UPDATE (19/11/2024):
I was able to build onnxruntime with xnnpack and its Python wrapper directly on Arty Z7. It requires a fast SD card, a lot of swap space (~32GB), and a lot of time (a few days).
The first step is to remove the following package as onnxruntime is using another version.
sudo apt remove libeigen3-dev
After cloning the project you can try to build it. Here is my build command:./build.sh --config Release --parallel --skip_submodule_sync --skip_tests --use_xnnpack --build_wheel --cmake_extra_defines CMAKE_CXX_FLAGS="-Wno-dev -Wall -Wextra -O3 -g3 -mfloat-abi=hard -mfpu=neon-vfpv3 -mcpu=cortex-a9 -mfloat-abi=hard" CMAKE_C_FLAGS="-Wno-dev -Wall -Wextra -O3 -g3 -mfloat-abi=hard -mfpu=neon-vfpv3 -mcpu=cortex-a9 -mfloat-abi=hard"
Video Streaming with OpenCV and FFMPEG
It is important to capture runner forms from side and rear perspectives. It requires two cameras. I've decided to use a pair of IP cameras I already had. I've connected to them from OpenCV and developed a prototype on my PC. I thought that the code would work on Arty Z7 as well. However, the video streaming of RTSP H264 was not reliable at all on SBC. So I decided to use FFMPEG to stream from cameras and pipe RAW frames directly.
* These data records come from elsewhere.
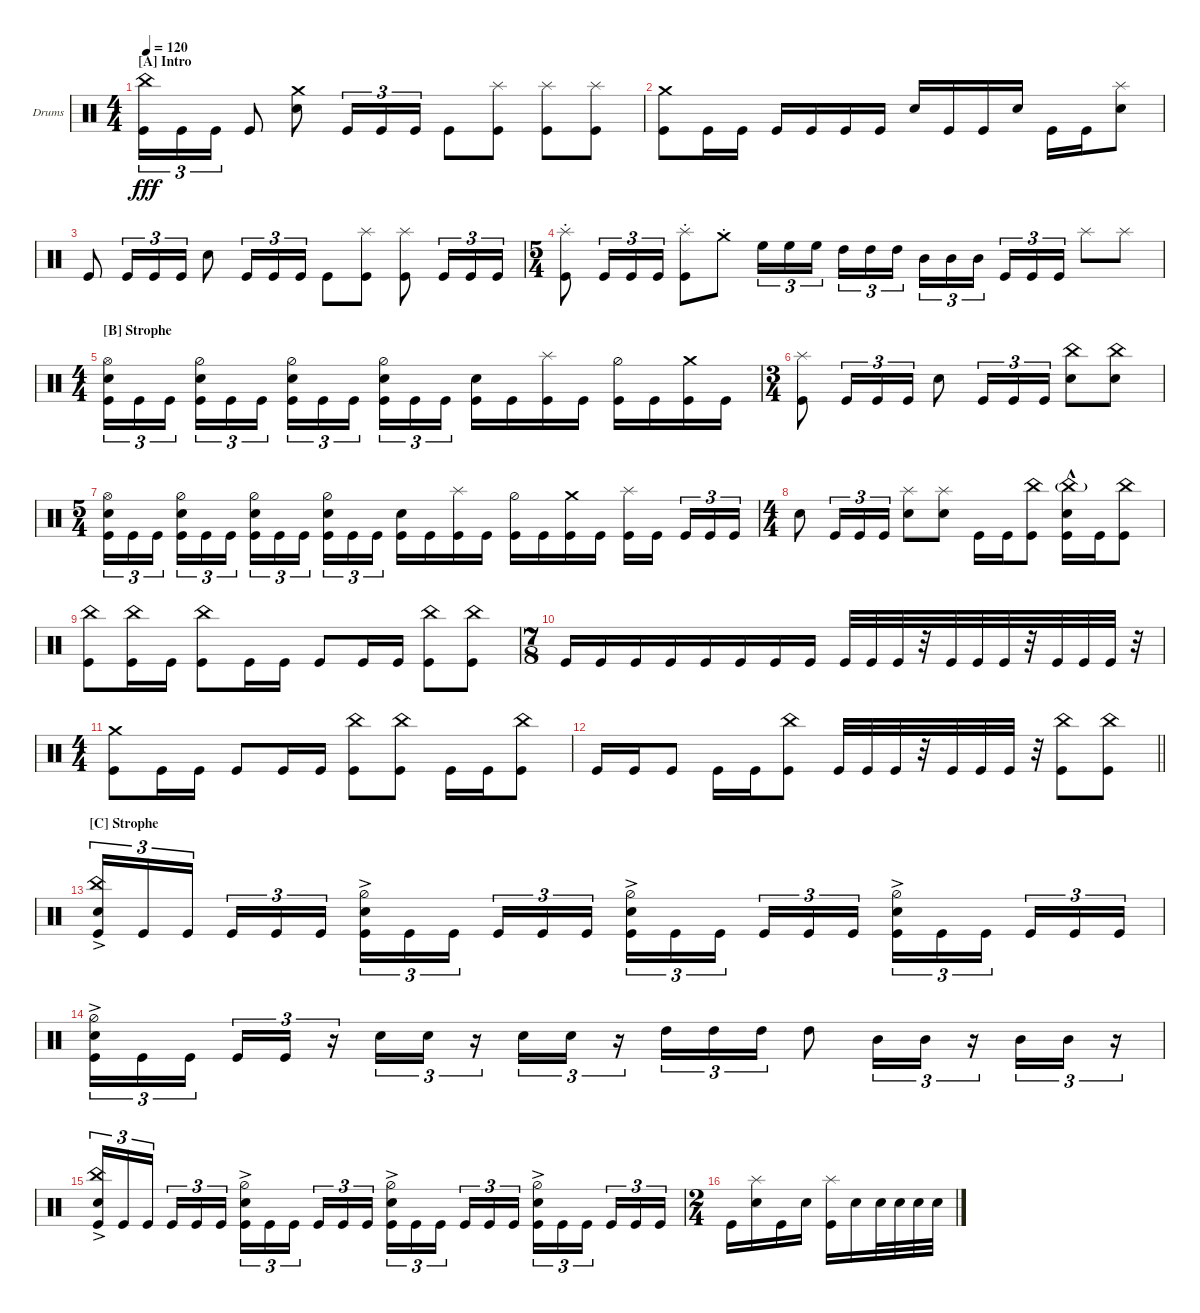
\defaultSystemsLayout 4
\bracketExtendMode groupsimilarinstruments
\firstSystemTrackNameOrientation horizontal
\otherSystemsTrackNameOrientation horizontal
\track ("Drumkit" "Drums") {instrument percussion}
\staff {score}
\articulation defaults
\ts (4 4)
\section ("A" "Intro")
\tempo 120
\clef neutral
\ks c
("Kick (hit)" "China (hit)").16{tu (3 2) dy fff} "Kick (hit)".16{tu (3 2)} "Kick (hit)".16{tu (3 2)} "Kick (hit)".8 ("Snare (hit) 2" "Crash medium (hit)").8 "Kick (hit)".16{tu (3 2)} "Kick (hit)".16{tu (3 2)} "Kick (hit)".16{tu (3 2)} "Kick (hit)".8 ("Kick (hit)" "Splash (hit)").8 ("Kick (hit)" "Splash (hit)").8 ("Kick (hit)" "Splash (hit)").8 |
("Crash medium (hit)" "Kick (hit)").8 "Kick (hit)".16 "Kick (hit)".16 "Kick (hit)".16 "Kick (hit)".16 "Kick (hit)".16 "Kick (hit)".16 "Snare (hit) 2".16 "Kick (hit)".16 "Kick (hit)".16 "Snare (hit) 2".16 "Kick (hit)".16 "Kick (hit)".16 ("Snare (hit) 2" "Splash (hit)").8 |
"Kick (hit)".8 "Kick (hit)".16{tu (3 2)} "Kick (hit)".16{tu (3 2)} "Kick (hit)".16{tu (3 2)} "Snare (hit) 2".8 "Kick (hit)".16{tu (3 2)} "Kick (hit)".16{tu (3 2)} "Kick (hit)".16{tu (3 2)} "Kick (hit)".8 ("Kick (hit)" "Splash (hit)").8 ("Kick (hit)" "Splash (hit)").8 "Kick (hit)".16{tu (3 2)} "Kick (hit)".16{tu (3 2)} "Kick (hit)".16{tu (3 2)} |
\ts (5 4)
("Kick (hit)" "Splash (hit)"{st}).8 "Kick (hit)".16{tu (3 2)} "Kick (hit)".16{tu (3 2)} "Kick (hit)".16{tu (3 2)} ("Kick (hit)" "Splash (hit)"{st}).8 "Crash medium (hit)"{st}.8 "High Floor Tom (hit)".16{tu (3 2)} "High Floor Tom (hit)".16{tu (3 2)} "High Floor Tom (hit)".16{tu (3 2)} "High Tom (hit)".16{tu (3 2)} "High Tom (hit)".16{tu (3 2)} "High Tom (hit)".16{tu (3 2)} "Mid Tom (hit)".16{tu (3 2)} "Mid Tom (hit)".16{tu (3 2)} "Mid Tom (hit)".16{tu (3 2)} "Kick (hit)".16{tu (3 2)} "Kick (hit)".16{tu (3 2)} "Kick (hit)".16{tu (3 2)} "Splash (hit)".8 "Splash (hit)".8 |
\ts (4 4)
\section ("B" "Strophe")
("Kick (hit)" "Snare (hit) 2" "Hi-Hat (open)").16{tu (3 2)} "Kick (hit)".16{tu (3 2)} "Kick (hit)".16{tu (3 2)} ("Kick (hit)" "Hi-Hat (half)" "Snare (hit) 2").16{tu (3 2)} "Kick (hit)".16{tu (3 2)} "Kick (hit)".16{tu (3 2)} ("Kick (hit)" "Hi-Hat (half)" "Snare (hit) 2").16{tu (3 2)} "Kick (hit)".16{tu (3 2)} "Kick (hit)".16{tu (3 2)} ("Kick (hit)" "Hi-Hat (half)" "Snare (hit) 2").16{tu (3 2)} "Kick (hit)".16{tu (3 2)} "Kick (hit)".16{tu (3 2)} ("Snare (hit) 2" "Kick (hit)").16 "Kick (hit)".16 ("Kick (hit)" "Splash (hit)").16 "Kick (hit)".16 ("Kick (hit)" "Hi-Hat (half)").16 "Kick (hit)".16 ("Kick (hit)" "Crash medium (hit)").16 "Kick (hit)".16 |
\ts (3 4)
("Kick (hit)" "Splash (hit)").8 "Kick (hit)".16{tu (3 2)} "Kick (hit)".16{tu (3 2)} "Kick (hit)".16{tu (3 2)} "Snare (hit) 2".8 "Kick (hit)".16{tu (3 2)} "Kick (hit)".16{tu (3 2)} "Kick (hit)".16{tu (3 2)} ("Snare (hit) 2" "China (hit)").8 ("Snare (hit) 2" "China (hit)").8 |
\ts (5 4)
("Kick (hit)" "Snare (hit) 2" "Hi-Hat (open)").16{tu (3 2)} "Kick (hit)".16{tu (3 2)} "Kick (hit)".16{tu (3 2)} ("Kick (hit)" "Hi-Hat (half)" "Snare (hit) 2").16{tu (3 2)} "Kick (hit)".16{tu (3 2)} "Kick (hit)".16{tu (3 2)} ("Kick (hit)" "Hi-Hat (half)" "Snare (hit) 2").16{tu (3 2)} "Kick (hit)".16{tu (3 2)} "Kick (hit)".16{tu (3 2)} ("Kick (hit)" "Hi-Hat (half)" "Snare (hit) 2").16{tu (3 2)} "Kick (hit)".16{tu (3 2)} "Kick (hit)".16{tu (3 2)} ("Snare (hit) 2" "Kick (hit)").16 "Kick (hit)".16 ("Kick (hit)" "Splash (hit)").16 "Kick (hit)".16 ("Kick (hit)" "Hi-Hat (half)").16 "Kick (hit)".16 ("Kick (hit)" "Crash medium (hit)").16 "Kick (hit)".16 ("Kick (hit)" "Splash (hit)").16 "Kick (hit)".16 "Kick (hit)".16{tu (3 2)} "Kick (hit)".16{tu (3 2)} "Kick (hit)".16{tu (3 2)} |
\ts (4 4)
"Snare (hit) 2".8 "Kick (hit)".16{tu (3 2)} "Kick (hit)".16{tu (3 2)} "Kick (hit)".16{tu (3 2)} ("Snare (hit) 2" "Splash (hit)").8 ("Snare (hit) 2" "Splash (hit)").8 "Kick (hit)".16 "Kick (hit)".16 ("Kick (hit)" "China (hit)").8 ("Kick (hit)" "China (hit)"{g} "Snare (hit) 2"{hac}).16 "Kick (hit)".16 ("Kick (hit)" "China (hit)").8 |
("Kick (hit)" "China (hit)").8 ("China (hit)" "Kick (hit)").16 "Kick (hit)".16 ("China (hit)" "Kick (hit)").8 "Kick (hit)".16 "Kick (hit)".16 "Kick (hit)".8 "Kick (hit)".16 "Kick (hit)".16 ("Kick (hit)" "China (hit)").8 ("Kick (hit)" "China (hit)").8 |
\ts (7 8)
"Kick (hit)".16 "Kick (hit)".16 "Kick (hit)".16 "Kick (hit)".16 "Kick (hit)".16 "Kick (hit)".16 "Kick (hit)".16 "Kick (hit)".16 "Kick (hit)".32 "Kick (hit)".32 "Kick (hit)".32 r.32 "Kick (hit)".32 "Kick (hit)".32 "Kick (hit)".32 r.32 "Kick (hit)".32 "Kick (hit)".32 "Kick (hit)".32 r.32 |
\ts (4 4)
("Kick (hit)" "Crash medium (hit)").8 "Kick (hit)".16 "Kick (hit)".16 "Kick (hit)".8 "Kick (hit)".16 "Kick (hit)".16 ("Kick (hit)" "China (hit)").8 ("Kick (hit)" "China (hit)").8 "Kick (hit)".16 "Kick (hit)".16 ("Kick (hit)" "China (hit)").8 |
\barLineRight lightlight "Kick (hit)".16 "Kick (hit)".16 "Kick (hit)".8 "Kick (hit)".16 "Kick (hit)".16
("Kick (hit)" "China (hit)").8 "Kick (hit)".32 "Kick (hit)".32 "Kick (hit)".32 r.32 "Kick (hit)".32 "Kick (hit)".32 "Kick (hit)".32 r.32 ("Kick (hit)" "China (hit)").8 ("Kick (hit)" "China (hit)").8 |
\section ("C" "Strophe")
("Kick (hit)" "Snare (hit) 2"{ac} "China (hit)").16{tu (3 2)} "Kick (hit)".16{tu (3 2)} "Kick (hit)".16{tu (3 2)} "Kick (hit)".16{tu (3 2)} "Kick (hit)".16{tu (3 2)} "Kick (hit)".16{tu (3 2)} ("Kick (hit)" "Snare (hit) 2"{ac} "Hi-Hat (half)").16{tu (3 2)} "Kick (hit)".16{tu (3 2)} "Kick (hit)".16{tu (3 2)} "Kick (hit)".16{tu (3 2)} "Kick (hit)".16{tu (3 2)} "Kick (hit)".16{tu (3 2)} ("Kick (hit)" "Snare (hit) 2"{ac} "Hi-Hat (half)").16{tu (3 2)} "Kick (hit)".16{tu (3 2)} "Kick (hit)".16{tu (3 2)} "Kick (hit)".16{tu (3 2)} "Kick (hit)".16{tu (3 2)} "Kick (hit)".16{tu (3 2)} ("Kick (hit)" "Snare (hit) 2"{ac} "Hi-Hat (half)").16{tu (3 2)} "Kick (hit)".16{tu (3 2)} "Kick (hit)".16{tu (3 2)} "Kick (hit)".16{tu (3 2)} "Kick (hit)".16{tu (3 2)} "Kick (hit)".16{tu (3 2)} |
("Kick (hit)" "Snare (hit) 2"{ac} "Hi-Hat (half)").16{tu (3 2)} "Kick (hit)".16{tu (3 2)} "Kick (hit)".16{tu (3 2)} "Kick (hit)".16{tu (3 2)} "Kick (hit)".16{tu (3 2)} r.16{tu (3 2)} "Snare (hit) 2".16{tu (3 2)} "Snare (hit) 2".16{tu (3 2)} r.16{tu (3 2)} "Snare (hit) 2".16{tu (3 2)} "Snare (hit) 2".16{tu (3 2)} r.16{tu (3 2)} "High Tom (hit)".16{tu (3 2)} "High Tom (hit)".16{tu (3 2)} "High Tom (hit)".16{tu (3 2)} "High Tom (hit)".8 "Mid Tom (hit)".16{tu (3 2)} "Mid Tom (hit)".16{tu (3 2)} r.16{tu (3 2)} "Mid Tom (hit)".16{tu (3 2)} "Mid Tom (hit)".16{tu (3 2)} r.16{tu (3 2)} |
("Kick (hit)" "Snare (hit) 2"{ac} "China (hit)").16{tu (3 2)} "Kick (hit)".16{tu (3 2)} "Kick (hit)".16{tu (3 2)} "Kick (hit)".16{tu (3 2)} "Kick (hit)".16{tu (3 2)} "Kick (hit)".16{tu (3 2)} ("Kick (hit)" "Snare (hit) 2"{ac} "Hi-Hat (half)").16{tu (3 2)} "Kick (hit)".16{tu (3 2)} "Kick (hit)".16{tu (3 2)} "Kick (hit)".16{tu (3 2)} "Kick (hit)".16{tu (3 2)} "Kick (hit)".16{tu (3 2)} ("Kick (hit)" "Snare (hit) 2"{ac} "Hi-Hat (half)").16{tu (3 2)} "Kick (hit)".16{tu (3 2)} "Kick (hit)".16{tu (3 2)} "Kick (hit)".16{tu (3 2)} "Kick (hit)".16{tu (3 2)} "Kick (hit)".16{tu (3 2)} ("Kick (hit)" "Snare (hit) 2"{ac} "Hi-Hat (half)").16{tu (3 2)} "Kick (hit)".16{tu (3 2)} "Kick (hit)".16{tu (3 2)} "Kick (hit)".16{tu (3 2)} "Kick (hit)".16{tu (3 2)} "Kick (hit)".16{tu (3 2)} |
\ts (2 4)
"Kick (hit)".16 ("Snare (hit) 2" "Splash (hit)").16 "Kick (hit)".16 "Snare (hit) 2".16 ("Kick (hit)" "Splash (hit)").16 "Snare (hit) 2".16 "Snare (hit) 2".32 "Snare (hit) 2".32 "Snare (hit) 2".32 "Snare (hit) 2".32

I also used it for decoding H264, rotating, resizing, and cropping images. It worked with some challenges as after ~180 frames FFMPEG needs to be restarted. The restart takes ~2-3 seconds. FFMPEG has a lot of parameters and I hope I'll find the right set of them so it can receive streams without restarts.
Video Output
Not all video formats are supported by modern browsers. Encoding into some of them is very resource-intensive. After some research and experimentation I choose
Data capture
I've decided to use the SQLite 3 database to record keypoints data for each frame produced by the model. It will allow to use it to run different biomechanics assessment algorithms and relate them to the videos.
Demo
I've done a short run and created a short video to capture my running forms and related metrics.
One video was captured from a side view and another from the rear.
To-Do List
I still have a long list of remaining tasks. Here are some of them:
Calculate key runners' metrics based on keypoints data set.
Complete integration with Tornado HTTP Server provided on PYNQ so it can show runner analytics on a smart TV during the run.
Create a stand for cameras.
Publish the project on Github.
Conclusion
Despite numerous challenges with software components, I was quite happy to get to this point. The project proved that even on the arml7v architecture, it is possible to run complex computer vision models in near real-time. While I haven't been able to complete all my objectives I've built a solid foundation for further improvements.
I would like to thank the AMD team and Element 14 for selecting my project proposal for this design challenge. The challenge pushed my curiosity and allowed me to explore new areas of sports biomechanics, computer vision, the ONNX framework, and the ML ecosystem. I would also like to thank all members of the community who have worked on this challenge or shared their feedback. And a special thanks to Amazon Q which helped me with some Python coding.